Local peritoneal involvement was detected in 25.8% (54/209) of cases. It was more common in women and was associated with tumour differentiation, size and site, and lymph node involvement. Local peritoneal involvement showed considerable prognostic disadvantage in all cases and in curative cases alone. Multivariate analysis demonstrated independent prognostic disadvantage for all cases although this was lost in the curative group. With a 30 month median follow up time, comprehensive clinical surveillance detected 25 (12.0%) local recurrences. Thirteen (52%) palliative cases had shown spread to involve the mesorectal (deep, circumferential) resection margin. Of the 12 curative cases, six were upper rectal cancers with local peritoneal involvement suggesting that tumour seeding into the pelvic peritoneal cavity was the cause of local recurrence. Local recurrence of the six other rectal tumours was probably because of intraluminal seeding in two, involvement of the distal margin in one, extensive extramural venous involvement in two, and tumour spread to the bladder in one.

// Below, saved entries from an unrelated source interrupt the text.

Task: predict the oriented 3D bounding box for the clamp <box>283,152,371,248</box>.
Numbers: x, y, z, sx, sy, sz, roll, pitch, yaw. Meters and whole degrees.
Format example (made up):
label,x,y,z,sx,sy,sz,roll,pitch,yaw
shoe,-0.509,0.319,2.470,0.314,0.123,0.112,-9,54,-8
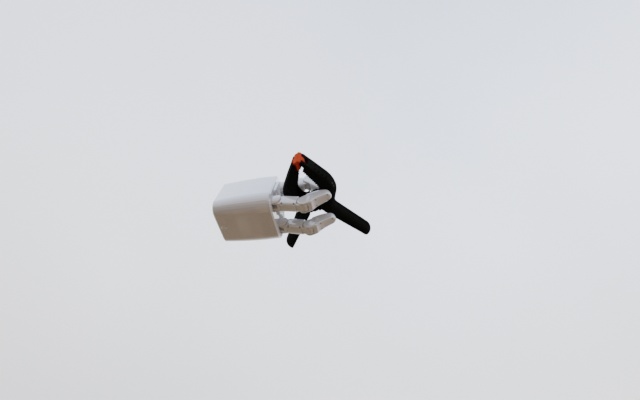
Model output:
label,x,y,z,sx,sy,sz,roll,pitch,yaw
clamp,0.000,0.002,0.857,0.164,0.210,0.036,-7,41,7
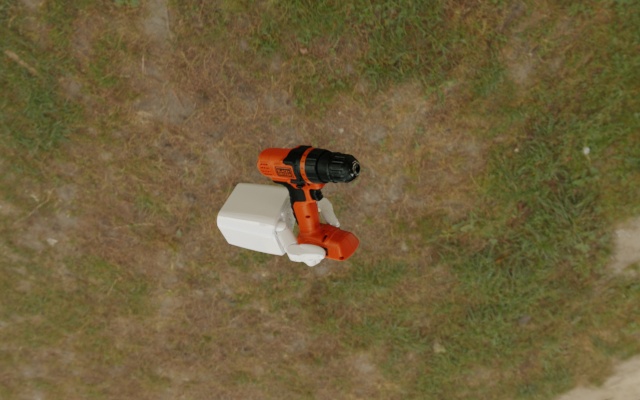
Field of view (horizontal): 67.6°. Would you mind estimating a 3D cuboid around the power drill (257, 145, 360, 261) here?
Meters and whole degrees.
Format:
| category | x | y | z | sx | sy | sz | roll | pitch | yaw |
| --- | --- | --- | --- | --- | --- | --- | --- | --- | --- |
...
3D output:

Comprehensive pathological analysis of a resection specimen can identify cases with a high probability of local recurrence which may benefit from early adjuvant therapy. Involvement of the peritoneal surface is a common event in rectal cancer, has adverse prognostic influence and may be an important factor in local recurrence of upper rectal carcinoma.
评估直肠癌侵犯腹膜表面对局部复发及预后的影响。
对1988年至1993年间209例直肠癌切除术的病理预后因素进行前瞻性分析,采用细致的病理技术,尤其评估肿瘤与腹膜表面的关系。通过所有可用信息来源(医院和全科医生数据)进行全面临床随访,必要时进行尸检以确定死亡原因。根据公认的临床、放射学和病理学标准确定局部复发情况。
25.8%(54/209)的病例检测到局部腹膜受累。在女性中更常见,且与肿瘤分化、大小、部位及淋巴结受累相关。局部腹膜受累在所有病例及仅在根治性病例中均显示出明显的预后劣势。多因素分析表明,在所有病例中存在独立的预后劣势,尽管在根治性组中这种劣势消失。中位随访时间为30个月,全面临床监测发现25例(12.0%)局部复发。13例(52%)姑息性病例显示已扩散至直肠系膜(深部、环周)切除边缘。在12例根治性病例中,6例为上段直肠癌伴有局部腹膜受累,提示肿瘤播散至盆腔腹膜腔是局部复发的原因。其他6例直肠肿瘤的局部复发可能分别是由于腔内播散2例、远端边缘受累1例、广泛壁外静脉受累2例以及肿瘤扩散至膀胱1例。
对切除标本进行全面病理分析可识别出局部复发可能性高的病例,这些病例可能从早期辅助治疗中获益。腹膜表面受累在直肠癌中是常见情况,具有不良预后影响,可能是上段直肠癌局部复发的重要因素。